Approach and results

The tests were carried out in an animal model of shock in two 10-h periods. During the first 10 h, endotoxin was infused and the inhibition of platelet aggregation was evaluated; following the termination of endotoxin infusion, the restoration of platelet aggregation was assessed for 10 h. A total of 30 pigs were used (NO group, N = 14; control, N = 16). In the NO group, nitric oxide inhalation (30 ppm) was started 3 h after endotoxin infusion and continued until the end of the study. Treatment with NO selectively decreased pulmonary artery pressure at 4 (p = 0.002) and 8 h (p = 0.05) of the experiment as compared to the control. Endotoxin significantly reduced platelet aggregation, as indicated by the decreased activity of platelet receptors: ASPI, ADP, collagen, and TRAP during the experiment (p < 0.001). Endotoxin had no significant effect on changes in the response of the receptor after ristocetin stimulation.
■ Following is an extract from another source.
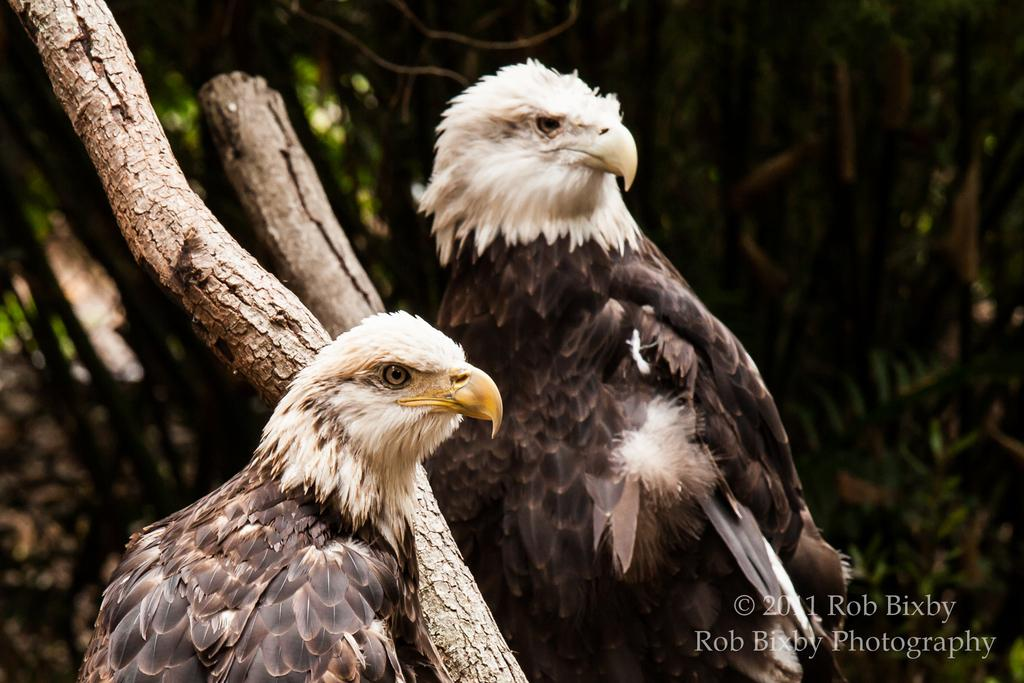What animals are present in the image? There are two eagles in the image. Can you describe the coloring of the eagles? The eagles have brown, black, cream, and white coloring. What object can be seen in the image besides the eagles? There is a wooden log in the image. What is the color of the wooden log? The wooden log is brown in color. What can be seen in the background of the image? There are trees in the background of the image. What type of tiger can be seen roaring in the image? There is no tiger present in the image; it features two eagles and a wooden log. What is the cause of the eagle's throat pain in the image? There is no indication of any throat pain or discomfort for the eagles in the image.

After stopping endotoxin infusion, a significant restoration of receptor activity was observed for collagen and TRAP, while ASPI and ADP remained partially depressed. Inhaled nitric oxide did not cause additional inhibition of platelet aggregation, either during or after endotoxin challenge.

Conclusions

A profound reduction in platelet aggregation was observed during endotoxic shock. After stopping endotoxin infusion a restoration of platelet receptor activity was seen. The inhibition of platelet aggregation induced by endotoxin infusion was not intensified by nitric oxide, indicating there was no harmful effect of inhaled nitric oxide on platelet aggregation.

中文翻译：

内毒素休克大型动物模型的血小板功能障碍；吸入一氧化氮和低剂量类固醇的影响

客观的

吸入一氧化氮在休克治疗中的作用仍存在争议，需要进一步的转化研究。使用内毒素诱发休克模型评估吸入一氧化氮对血小板聚集影响的长期观察研究尚未见报道。

方法和结果

这些测试是在休克动物模型中进行的，每个周期为 10 小时。在最初的10小时内，输注内毒素并评价血小板聚集的抑制作用；内毒素输注终止后，评估血小板聚集的恢复情况，持续 10 小时。总共使用了 30 头猪（NO 组，N = 14；对照组，N = 16）。在 NO 组中，在内毒素输注后 3 小时开始吸入一氧化氮 (30 ppm)，并持续到研究结束。与对照相比，在实验的 4 小时（p = 0.002）和 8 小时（p = 0.05），用 NO 治疗选择性地降低了肺动脉压。内毒素显着降低了血小板聚集，如实验期间血小板受体活性降低所表明的：ASPI、ADP、胶原蛋白和 TRAP (p < 0.001)。内毒素对瑞斯托霉素刺激后受体反应的变化没有显着影响。停止内毒素输注后，观察到胶原蛋白和 TRAP 的受体活性显着恢复，而 ASPI 和 ADP 仍然部分抑制。吸入一氧化氮不会在内毒素攻击期间或之后引起血小板聚集的额外抑制。